▶ _EXERCISE INSTRUCTIONS_: Which lines of the records hold the string "layers"? Report only how many of them there are.
━━━ GIVEN RECORDS
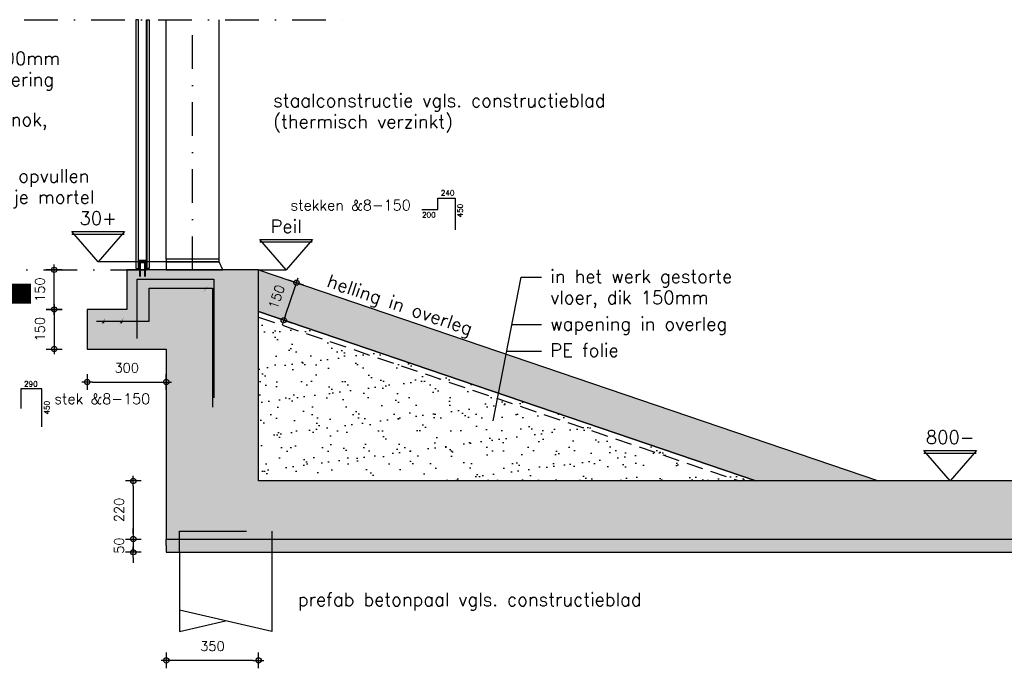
# Model space of a CAD drawing. Extents: x 0 to 38100, y 0 to 35640.
# Tile 30 of 42: x 11736 to 15469, y 29806 to 32264. Entities that reach past the tile are written whole.
import ezdxf
from ezdxf.enums import TextEntityAlignment as Align

# ---------------------------------------------------------------- set-up
doc = ezdxf.new("R2010")
doc.units = 0
doc.header["$LTSCALE"] = 20
doc.header["$PDMODE"] = 1
doc.header["$PDSIZE"] = -3
for name, pattern in [('DASHDOT2', [12.7, 6.35, -3.175, 0, -3.175]), ('DASHED', [19.05, 12.7, -6.35]), ('HIDDEN2', [4.7625, 3.175, -1.5875])]:
    doc.linetypes.add(name, pattern=pattern)
doc.layers.get('0').update_dxf_attribs({"linetype": 'CONTINUOUS'})
doc.layers.get('DEFPOINTS').update_dxf_attribs({"linetype": 'CONTINUOUS'})
for name, color, linetype in [('A--A16--_F-23-', 1, 'CONTINUOUS'), ('A--A16--_F123-_SOLID', 27, 'CONTINUOUS'), ('A--L$1A-_AFBREEKLIJN', 1, 'DASHDOT2'), ('A--L16--', 7, 'CONTINUOUS'), ('A--L16--_F-23-', 7, 'CONTINUOUS'), ('A--L16--_F123-', 3, 'CONTINUOUS'), ('A--L17--_F123-', 7, 'CONTINUOUS'), ('A--L19--_F123-', 1, 'HIDDEN2'), ('A--L23--_F123-', 3, 'CONTINUOUS'), ('A--L28BW_F-23-', 3, 'WAP150'), ('A--L28S-_F123-', 1, 'CONTINUOUS'), ('A--L31--_F123-', 7, 'CONTINUOUS'), ('A--M$1A-_F123-_MAATV', 7, 'CONTINUOUS'), ('A--T$1A-_F123-_0_18MM', 1, 'CONTINUOUS'), ('A--T$1A-_F123-_0_25MM', 2, 'CONTINUOUS'), ('A--T$1A-_F123-_13MM', 7, 'CONTINUOUS')]:
    doc.layers.add(name, color=color, linetype=linetype)
doc.styles.add('0_18', font='ROMANS.shx', dxfattribs={"height": 36})
doc.styles.add('0_25', font='ROMANS.shx', dxfattribs={"height": 50})
doc.styles.add('ALFA-0_25', font='ROMANS')
doc.styles.add('ALFA-1', font='romans')
doc.styles.add('MISO', font='ROMANS.shx')
doc.styles.get("Standard").update_dxf_attribs({"font": 'SIMPLEX'})
doc.linetypes.add('WAP150', pattern='A,1,["o",STANDARD,S=10,R=0,X=-3.6,Y=5],148,["o",STANDARD,S=10,R=0,X=-1.6,Y=5],1', length=150)
doc.dimstyles.new('DLV18', dxfattribs={"dimscale": 20, "dimtxt": 1.8, "dimasz": 1, "dimexe": 0, "dimexo": 0, "dimgap": 0, "dimtad": 0, "dimdec": 0, "dimrnd": 1, "dimzin": 0, "dimtxsty": 'MISO', "dimblk1": '$DIMDLV', "dimblk2": '$DIMDLV', "dimsah": 1, "dimcen": 0, "dimse1": 1, "dimse2": 1, "dimclrd": 256, "dimclre": 256, "dimclrt": 1, "dimazin": 3, "dimtfac": 1, "dimtdec": 0, "dimtix": 1, "dimtmove": 0, "dimatfit": 3, "dimtvp": 1.5, "dimtolj": 1, "dimtzin": 0})

# ---------------------------------------------------------------- blocks, each defined once
blk = doc.blocks.new('*U218')
at = {"layer": 'A--A16--_F123-_SOLID', "color": 11}
for points in [[(0, 0), (0, 25), (3298.9, 0), (3298.9, 25)], [(3298.9, 0), (3298.9, -25), (0, 0), (0, -25)]]:
    blk.add_solid(points, dxfattribs=at)
at = {"layer": 'A--L16--_F-23-', "color": 3, "linetype": 'CONTINUOUS'}
for points in [[(0, 0), (0, 25), (3298.9, 25), (3298.9, 0)], [(0, 0), (0, -25), (3298.9, -25), (3298.9, 0)]]:
    blk.add_lwpolyline(points, dxfattribs=at)
blk = doc.blocks.new('$DIMDLV')
at = {"color": 0}
for p, q in [((-1, 0), (1, 0)), ((0, -1.5), (0, 1.5))]:
    blk.add_line(p, q, dxfattribs=at)
blk.add_circle((0, 0), 0.5, dxfattribs=at)
blk = doc.blocks.new('*D217')
at = {"layer": 'A--M$1A-_F123-_MAATV'}
for p, q in [((12166.5, 30315.9), (12166.5, 30335.9)), ((12166.5, 30295.9), (12166.5, 30245.9)), ((12166.5, 30225.9), (12166.5, 30205.9))]:
    blk.add_line(p, q, dxfattribs=at)
at = {"layer": 'DEFPOINTS', "color": 0}
for p in [(12291.5, 30295.9), (12166.5, 30245.9), (12291.5, 30245.9)]:
    blk.add_point(p, dxfattribs=at)
at = {"layer": 'A--M$1A-_F123-_MAATV', "xscale": 20, "yscale": 20, "zscale": 20}
for p, rotation in [((12166.5, 30295.9), 270), ((12166.5, 30245.9), 90)]:
    blk.add_blockref('$DIMDLV', p, dxfattribs=dict(at, rotation=rotation))
at = {"layer": 'A--M$1A-_F123-_MAATV', "color": 1, "insert": (12112.5, 30270.9), "char_height": 36, "attachment_point": 5, "rotation": 90, "style": 'MISO'}
blk.add_mtext('\\A1;50', dxfattribs=at)
blk = doc.blocks.new('*D216')
at = {"layer": 'A--M$1A-_F123-_MAATV'}
blk.add_line((12166.5, 30495.9), (12166.5, 30315.9), dxfattribs=at)
at = {"layer": 'DEFPOINTS', "color": 0}
for p in [(12641.5, 30515.9), (12166.5, 30295.9), (12291.5, 30295.9)]:
    blk.add_point(p, dxfattribs=at)
at = {"layer": 'A--M$1A-_F123-_MAATV', "xscale": 20, "yscale": 20, "zscale": 20}
for p, rotation in [((12166.5, 30515.9), 90), ((12166.5, 30295.9), 270)]:
    blk.add_blockref('$DIMDLV', p, dxfattribs=dict(at, rotation=rotation))
at = {"layer": 'A--M$1A-_F123-_MAATV', "color": 1, "insert": (12112.5, 30405.9), "char_height": 36, "attachment_point": 5, "rotation": 90, "style": 'MISO'}
blk.add_mtext('\\A1;220', dxfattribs=at)
blk = doc.blocks.new('*D215')
at = {"layer": 'A--M$1A-_F123-_MAATV'}
blk.add_line((12621.5, 29835.9), (12311.5, 29835.9), dxfattribs=at)
at = {"layer": 'DEFPOINTS', "color": 0}
for p in [(12641.5, 30515.9), (12291.5, 30295.9), (12291.5, 29835.9)]:
    blk.add_point(p, dxfattribs=at)
at = {"layer": 'A--M$1A-_F123-_MAATV', "xscale": 20, "yscale": 20, "zscale": 20, "rotation": 180}
blk.add_blockref('$DIMDLV', (12291.5, 29835.9), dxfattribs=at)
at = {"layer": 'A--M$1A-_F123-_MAATV', "xscale": 20, "yscale": 20, "zscale": 20}
blk.add_blockref('$DIMDLV', (12641.5, 29835.9), dxfattribs=at)
at = {"layer": 'A--M$1A-_F123-_MAATV', "color": 1, "insert": (12466.5, 29889.9), "char_height": 36, "attachment_point": 5, "style": 'MISO'}
blk.add_mtext('\\A1;350', dxfattribs=at)
blk = doc.blocks.new('*D219')
at = {"layer": 'A--M$1A-_F123-_MAATV'}
blk.add_line((11866.5, 31185.9), (11866.5, 31295.9), dxfattribs=at)
at = {"layer": 'DEFPOINTS', "color": 0}
for p in [(11866.5, 31315.9), (12141.5, 31315.9), (11991.5, 31165.9)]:
    blk.add_point(p, dxfattribs=at)
at = {"layer": 'A--M$1A-_F123-_MAATV', "xscale": 20, "yscale": 20, "zscale": 20}
for p, rotation in [((11866.5, 31315.9), 90), ((11866.5, 31165.9), 270)]:
    blk.add_blockref('$DIMDLV', p, dxfattribs=dict(at, rotation=rotation))
at = {"layer": 'A--M$1A-_F123-_MAATV', "color": 1, "insert": (11812.5, 31240.9), "char_height": 36, "attachment_point": 5, "rotation": 90, "style": 'MISO'}
blk.add_mtext('\\A1;150', dxfattribs=at)
blk = doc.blocks.new('*D220')
at = {"layer": 'A--M$1A-_F123-_MAATV'}
blk.add_line((11866.5, 31145.9), (11866.5, 31035.9), dxfattribs=at)
at = {"layer": 'DEFPOINTS', "color": 0}
for p in [(11991.5, 31165.9), (11866.5, 31015.9), (11991.5, 31015.9)]:
    blk.add_point(p, dxfattribs=at)
at = {"layer": 'A--M$1A-_F123-_MAATV', "xscale": 20, "yscale": 20, "zscale": 20}
for p, rotation in [((11866.5, 31165.9), 90), ((11866.5, 31015.9), 270)]:
    blk.add_blockref('$DIMDLV', p, dxfattribs=dict(at, rotation=rotation))
at = {"layer": 'A--M$1A-_F123-_MAATV', "color": 1, "insert": (11812.5, 31090.9), "char_height": 36, "attachment_point": 5, "rotation": 90, "style": 'MISO'}
blk.add_mtext('\\A1;150', dxfattribs=at)
blk = doc.blocks.new('*D221')
at = {"layer": 'A--M$1A-_F123-_MAATV', "linetype": 'CONTINUOUS'}
blk.add_line((12011.5, 30890.9), (12271.5, 30890.9), dxfattribs=at)
at = {"layer": 'DEFPOINTS', "color": 0, "linetype": 'CONTINUOUS'}
for p in [(11991.5, 31015.9), (12291.5, 31015.9), (12291.5, 30890.9)]:
    blk.add_point(p, dxfattribs=at)
at = {"layer": 'A--M$1A-_F123-_MAATV', "linetype": 'CONTINUOUS', "xscale": 20, "yscale": 20, "zscale": 20, "rotation": 180}
blk.add_blockref('$DIMDLV', (11991.5, 30890.9), dxfattribs=at)
at = {"layer": 'A--M$1A-_F123-_MAATV', "linetype": 'CONTINUOUS', "xscale": 20, "yscale": 20, "zscale": 20}
blk.add_blockref('$DIMDLV', (12291.5, 30890.9), dxfattribs=at)
at = {"layer": 'A--M$1A-_F123-_MAATV', "color": 1, "linetype": 'CONTINUOUS', "insert": (12141.5, 30944.9), "char_height": 36, "attachment_point": 5, "style": 'MISO'}
blk.add_mtext('\\A1;300', dxfattribs=at)
blk = doc.blocks.new('*D222')
at = {"layer": 'A--M$1A-_F123-_MAATV'}
blk.add_line((12743.2, 31144), (12778.7, 31248.1), dxfattribs=at)
at = {"layer": 'DEFPOINTS', "color": 0}
for p in [(12689.9, 31299.5), (12785.1, 31267.1), (12641.5, 31157.5)]:
    blk.add_point(p, dxfattribs=at)
at = {"layer": 'A--M$1A-_F123-_MAATV', "xscale": 20, "yscale": 20, "zscale": 20}
for p, rotation in [((12785.1, 31267.1), 71.20011485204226), ((12736.8, 31125.1), 251.2001148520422)]:
    blk.add_blockref('$DIMDLV', p, dxfattribs=dict(at, rotation=rotation))
at = {"layer": 'A--M$1A-_F123-_MAATV', "color": 1, "insert": (12709.8, 31213.5), "char_height": 36, "attachment_point": 5, "rotation": 71.2001, "style": 'MISO'}
blk.add_mtext('\\A1;150', dxfattribs=at)

msp = doc.modelspace()

# ---------------------------------------------------------------- hatches: boundary and pattern name
at = {"layer": 'A--A16--_F123-_SOLID'}
for points in [[(12291.5, 31015.9), (12291.5, 30295.9), (15590.4, 30295.9), (15590.4, 30515.9), (12641.5, 30515.9), (12641.5, 31185.9), (12641.5, 31315.9), (12141.5, 31315.9), (12141.5, 31165.9), (11991.5, 31165.9), (11991.5, 31015.9)], [(12641.5, 31157.5), (12641.5, 31315.9), (14991.5, 30515.9), (14526.1, 30515.9)]]:
    msp.add_hatch(color=256, dxfattribs=at).paths.add_polyline_path(points)
at = {"layer": 'A--L16--_F-23-'}
h = msp.add_hatch(dxfattribs=at)
h.set_pattern_fill('AR-SAND', color=8, scale=50, style=0)
h.set_pattern_definition([(37.5, (-14623.93, 11299.66), (-3.14967, 96.34119), [0, -76, 0, -85, 0, -81.25]), (7.5, (-14623.93, 11299.66), (88.48884, 141.1073), [0, -41, 0, -68.5, 0, -26.25]), (327.5, (-14685.43, 11299.66), (155.7071, 0.28295), [0, -25, 0, -90, 0, -117.5]), (317.5, (-14685.43, 11299.66), (150.30633, 43.8838), [0, -12.5, 0, -59, 0, -67.5])])
h.paths.add_polyline_path([(12641.5, 30515.9), (12641.5, 31157.5), (14526.1, 30515.9)])

# ---------------------------------------------------------------- linework, layer by layer
at = {"layer": 'A--A16--_F-23-', "color": 8, "linetype": 'HIDDEN2'}
msp.add_line((12506.2, 31315.9), (12291.5, 31315.9), dxfattribs=at)
at = {"layer": 'A--L$1A-_AFBREEKLIJN'}
msp.add_line((11753, 32263.9), (12991.5, 32263.9), dxfattribs=at)
at = {"layer": 'A--L16--_F-23-', "color": 8}
msp.add_lwpolyline([(12641.5, 30515.9), (12641.5, 31157.5), (14526.1, 30515.9)], close=True, dxfattribs=at)
at = {"layer": 'A--L16--_F123-'}
for points in [[(12291.5, 31015.9), (12291.5, 30295.9), (15590.4, 30295.9), (15590.4, 30515.9), (12641.5, 30515.9), (12641.5, 31185.9), (12641.5, 31315.9), (12141.5, 31315.9), (12141.5, 31165.9), (11991.5, 31165.9), (11991.5, 31015.9)], [(12641.5, 31157.5), (12641.5, 31315.9), (14991.5, 30515.9), (14526.1, 30515.9)]]:
    msp.add_lwpolyline(points, close=True, dxfattribs=at)
at = {"layer": 'A--L17--_F123-', "color": 1, "linetype": 'DASHED'}
msp.add_lwpolyline([(12341.5, 30245.9), (12341.5, 30325.9), (12691.5, 30325.9), (12691.5, 30245.9)], dxfattribs=at)
at = {"layer": 'A--L17--_F123-', "color": 1, "linetype": 'CONTINUOUS'}
for points in [[(12691.5, 30245.9), (12691.5, 29945.9), (12341.5, 30025.9)], [(12341.5, 30245.9), (12341.5, 29945.9), (12516.5, 29985.9)]]:
    msp.add_lwpolyline(points, dxfattribs=at)
at = {"layer": 'A--L19--_F123-', "color": 1}
msp.add_line((12641.5, 31136.4), (14464, 30515.9), dxfattribs=at)
at = {"layer": 'A--L23--_F123-', "color": 2, "linetype": 'CONTINUOUS'}
msp.add_lwpolyline([(12506.2, 31315.9), (12491.5, 31345.9), (12291.5, 31345.9), (12291.5, 31315.9)], close=True, dxfattribs=at)
at = {"layer": 'A--L28BW_F-23-', "color": 3, "linetype": 'WAP150'}
for points in [[(12026.5, 31120.9), (12226.5, 31120.9), (12226.5, 31245.9), (12466.5, 31245.9), (12466.5, 30795.9)], [(12181.5, 31055.9), (12181.5, 31055.9), (12181.5, 31280.9), (12471.5, 31280.9), (12471.5, 30830.9)]]:
    msp.add_lwpolyline(points, dxfattribs=at)
at = {"layer": 'A--L28BW_F-23-', "color": 3, "linetype": 'WAP150', "const_width": 4}
for points in [[(12051, 31116.9, 1), (12055, 31116.9, 1)], [(12119.4, 31116.9, 1), (12123.4, 31116.9, 1)]]:
    msp.add_lwpolyline(points, format="xyb", close=True, dxfattribs=at)
at = {"layer": 'A--L28S-_F123-', "color": 1}
for p, q in [((12291.5, 31355.9), (12291.5, 32263.9)), ((12491.5, 31355.9), (12491.5, 32263.9))]:
    msp.add_line(p, q, dxfattribs=at)
at = {"layer": 'A--L28S-_F123-', "color": 8, "linetype": 'DASHDOT2'}
msp.add_line((12391.5, 31315.9), (12391.5, 32263.9), dxfattribs=at)
at = {"layer": 'A--L28S-_F123-', "color": 1}
msp.add_lwpolyline([(12291.5, 31345.9), (12491.5, 31345.9), (12491.5, 31355.9), (12291.5, 31355.9)], close=True, dxfattribs=at)
at = {"layer": 'A--L31--_F123-'}
for points in [[(12176.5, 31320.9), (12186.5, 31320.9), (12186.5, 32263.9), (12176.5, 32263.9)], [(12185.5, 31320.9), (12186.5, 31320.9), (12186.5, 32263.9), (12185.5, 32263.9)], [(12226.5, 31320.9), (12216.5, 31320.9), (12216.5, 32263.9), (12226.5, 32263.9)], [(12217.5, 31320.9), (12216.5, 31320.9), (12216.5, 32263.9), (12217.5, 32263.9)], [(12216.5, 31315.9), (12216.5, 31350.9), (12186.5, 31350.9), (12186.5, 31315.9), (12188.5, 31315.9), (12188.5, 31348.9), (12214.5, 31348.9), (12214.5, 31315.9)]]:
    msp.add_lwpolyline(points, close=True, dxfattribs=at)
for points in [[(12191.5, 31290.9), (12191.5, 31345.9), (12211.5, 31345.9), (12211.5, 31290.9)], [(12194, 31290.9), (12194, 31343.4), (12209, 31343.4), (12209, 31290.9)]]:
    msp.add_lwpolyline(points, dxfattribs=at)
at = {"layer": 'A--M$1A-_F123-_MAATV', "color": 8, "linetype": 'DASHDOT2'}
msp.add_line((10301.5, 31315.9), (12291.5, 31315.9), dxfattribs=at)
at = {"layer": 'A--M$1A-_F123-_MAATV', "color": 1, "const_width": 75}
msp.add_lwpolyline([(11778.5, 31225.9), (10301.5, 31225.9)], dxfattribs=at)
at = {"layer": 'A--T$1A-_F123-_0_18MM', "linetype": 'CONTINUOUS'}
for p, q in [((13530.9, 30743.2), (13637.1, 31288.3)), ((13637.1, 31288.3), (13713.9, 31288.3)), ((13602, 31108.3), (13713.9, 31108.3)), ((13582.5, 31008.3), (13713.9, 31008.3))]:
    msp.add_line(p, q, dxfattribs=at)
for points in [[(12491.5, 31952, 0, 13.3, 0), (12530.2, 31952, 0, 0, 0), (12576.5, 31952, 0, 0, 0), (12691.7, 31952, 0, 0, 0)], [(12435.8, 31345.9, 0, 13.3, 0), (12418.6, 31382, 0, 0, 0), (12286.7, 31665.9, 0, 0, 0), (12113.9, 31665.9, 0, 0, 0)], [(12466.5, 30822.5, 0, 13.3, 0), (12426.5, 30822.1, 0, 0, 0), (12260.6, 30822.1, 0, 0, 0), (12260.6, 30822.1, 0, 0, 0)], [(12691.5, 30060.8, 0, 13.3, 0), (12730.2, 30060.8, 0, 0, 0), (12776.5, 30060.8, 0, 0, 0), (12785.4, 30060.8, 0, 0, 0)]]:
    msp.add_lwpolyline(points, format="xyseb", dxfattribs=at)
at = {"layer": 'A--T$1A-_F123-_0_18MM', "color": 1, "linetype": 'CONTINUOUS'}
for points in [[(12444.4, 31245.9, 0, 13, 0), (12465.7, 31277.1, 0, 0, 0), (12678.9, 31556, 0, 0, 0), (12739.5, 31556, 0, 0, 0)], [(12121.4, 31116.9, 0, 13, 0), (12100, 31085.8, 0, 0, 0), (12020.5, 30953.8, 0, 0, 0), (11830.9, 30953.8, 0, 0, 0)], [(12053, 31116.9, 0, 13, 0), (12031.7, 31085.8, 0, 0, 0), (11952.1, 30953.8, 0, 0, 0), (11830.9, 30953.8, 0, 0, 0)]]:
    msp.add_lwpolyline(points, format="xyseb", dxfattribs=at)
at = {"layer": 'A--T$1A-_F123-_0_25MM', "color": 8, "linetype": 'CONTINUOUS'}
for p, q in [((12131.8, 31450.5), (11933.1, 31450.5)), ((12844.5, 31420.5), (12645.7, 31420.5)), ((12291.5, 31345.9), (12033.1, 31345.9)), ((12641.5, 31315.9), (12745.7, 31315.9)), ((15362.5, 30620.5), (15163.7, 30620.5))]:
    msp.add_line(p, q, dxfattribs=at)
at = {"layer": 'A--T$1A-_F123-_0_25MM', "color": 1, "linetype": 'CONTINUOUS'}
for points in [[(12176.5, 32190.8, 0, 13, 0), (12138.2, 32190.8, 0, 0, 0), (12138.2, 32190.8, 0, 0, 0), (11958.1, 32190.8, 0, 0, 0)], [(12201.5, 31350.9, 0, 13, 0), (12183.5, 31388.7, 0, 0, 0), (11937.8, 31879.4, 0, 0, 0), (11894.5, 31879.4, 0, 0, 0)]]:
    msp.add_lwpolyline(points, format="xyseb", dxfattribs=at)
at = {"layer": 'A--T$1A-_F123-_0_25MM', "color": 8, "linetype": 'CONTINUOUS'}
for points in [[(12133.1, 31460.7), (12033.1, 31345.9), (11933.1, 31460.7)], [(12845.7, 31430.7), (12745.7, 31315.9), (12645.7, 31430.7)], [(15363.7, 30630.7), (15263.7, 30515.9), (15163.7, 30630.7)]]:
    msp.add_lwpolyline(points, close=True, dxfattribs=at)
at = {"layer": 'A--T$1A-_F123-_13MM', "color": 1, "linetype": 'CONTINUOUS'}
for points in [[(13260.2, 31544.2), (13320.6, 31544.2), (13320.6, 31588), (13386.6, 31588), (13386.6, 31467.7)], [(11820, 30720.4), (11820, 30864.4), (11740, 30864.4), (11740, 30790.8)]]:
    msp.add_lwpolyline(points, dxfattribs=at)

# ---------------------------------------------------------------- block references
at = {"layer": 'A--L16--'}
msp.add_blockref('*U218', (12291.5, 30270.9), dxfattribs=at)

# ---------------------------------------------------------------- texts
at = {"layer": 'A--T$1A-_F123-_0_18MM', "color": 2, "linetype": 'CONTINUOUS', "style": '0_18'}
for s, p in [('stekken &8-150', (12762.4, 31540.9)), ('stek &8-150', (11867.1, 30807.1))]:
    msp.add_text(s, height=40, dxfattribs=at).set_placement(p)
at = {"layer": 'A--T$1A-_F123-_0_25MM', "linetype": 'CONTINUOUS'}
for s, style, p in [('3000x3000mm', '0_25', (11381.6, 32092.3)), ('v.z.v. tochtwering', '0_25', (11279.2, 32012.3)), ('staalconstructie vgls. constructieblad', '0_25', (12696.7, 31933)), ('geleidenok,', '0_25', (11470.4, 31860.9)), ('(thermisch verzinkt)', '0_25', (12696.7, 31853)), ('30mm stelruimte opvullen', '0_25', (11115.1, 31646.9)), ('met krimpvrije mortel', '0_25', (11281.8, 31566.9)), ('in het werk gestorte', 'ALFA-0_25', (13747.3, 31266.2)), ('vloer, dik 150mm', 'ALFA-0_25', (13747.3, 31186.2)), ('wapening in overleg', 'ALFA-0_25', (13747.3, 31086.2)), ('PE folie', 'ALFA-0_25', (13747.3, 30986.2)), ('prefab betonpaal vgls. constructieblad', '0_25', (12790.4, 30041.8))]:
    msp.add_text(s, height=50, dxfattribs=dict(at, style=style)).set_placement(p)
at = {"layer": 'A--T$1A-_F123-_0_25MM', "linetype": 'CONTINUOUS', "style": '0_25'}
for s, p in [('30+', (12033.1, 31512.1)), ('Peil', (12745.7, 31482.1)), ('800-', (15263.7, 30682.1))]:
    msp.add_text(s, height=50, dxfattribs=at).set_placement(p, align=Align.MIDDLE)
at = {"layer": 'A--T$1A-_F123-_0_25MM', "linetype": 'CONTINUOUS', "style": 'ALFA-0_25'}
msp.add_text('helling in overleg', height=50, rotation=341.2001, dxfattribs=at).set_placement((12896.4, 31252.6))
at = {"layer": 'A--T$1A-_F123-_13MM', "color": 1, "linetype": 'CONTINUOUS', "style": 'ALFA-1'}
for s, p in [('240', (13332.4, 31597.6)), ('200', (13261.4, 31514.5)), ('290', (11752.3, 30873.5))]:
    msp.add_text(s, height=20, dxfattribs=at).set_placement(p)
for p in [(13415.5, 31514.9), (11848.9, 30767.6)]:
    msp.add_text('450', height=20, rotation=90, dxfattribs=at).set_placement(p)

# ---------------------------------------------------------------- dimensions: what is measured, and where the dimension line sits
at = {"layer": 'A--M$1A-_F123-_MAATV'}
for base, p1, p2, angle, picture, middle in [((11866.5, 31315.9), (11991.5, 31165.9), (12141.5, 31315.9), 270, '*D219', (11812.5, 31240.9)), ((11866.5, 31015.9), (11991.5, 31165.9), (11991.5, 31015.9), 270, '*D220', (11812.5, 31090.9)), ((12166.5, 30295.9), (12641.5, 30515.9), (12291.5, 30295.9), 90, '*D216', (12112.5, 30405.9)), ((12166.5, 30245.9), (12291.5, 30295.9), (12291.5, 30245.9), 90, '*D217', (12112.5, 30270.9))]:
    dim = msp.add_linear_dim(base=base, p1=p1, p2=p2, angle=angle, dimstyle='DLV18', dxfattribs=at)
    dim.commit()
    dim.dimension.update_dxf_attribs({"geometry": picture, "text_midpoint": middle})
dim = msp.add_aligned_dim(p1=(12641.5, 31157.5), p2=(12689.9, 31299.5), distance=-100.6, dimstyle='DLV18', dxfattribs=at)
dim.commit()
dim.dimension.update_dxf_attribs({"geometry": '*D222', "text_midpoint": (12709.8, 31213.5)})
at = {"layer": 'A--M$1A-_F123-_MAATV', "linetype": 'CONTINUOUS'}
dim = msp.add_linear_dim(base=(12291.5, 30890.9), p1=(11991.5, 31015.9), p2=(12291.5, 31015.9), angle=180, dimstyle='DLV18', dxfattribs=at)
dim.commit()
dim.dimension.update_dxf_attribs({"geometry": '*D221', "text_midpoint": (12141.5, 30944.9)})
at = {"layer": 'A--M$1A-_F123-_MAATV'}
dim = msp.add_linear_dim(base=(12291.5, 29835.9), p1=(12641.5, 30515.9), p2=(12291.5, 30295.9), dimstyle='DLV18', dxfattribs=at)
dim.commit()
dim.dimension.update_dxf_attribs({"geometry": '*D215', "text_midpoint": (12466.5, 29889.9)})

doc.saveas('drawing.dxf')
━━━━━━
▶ _EXERCISE RESPONSE_: 3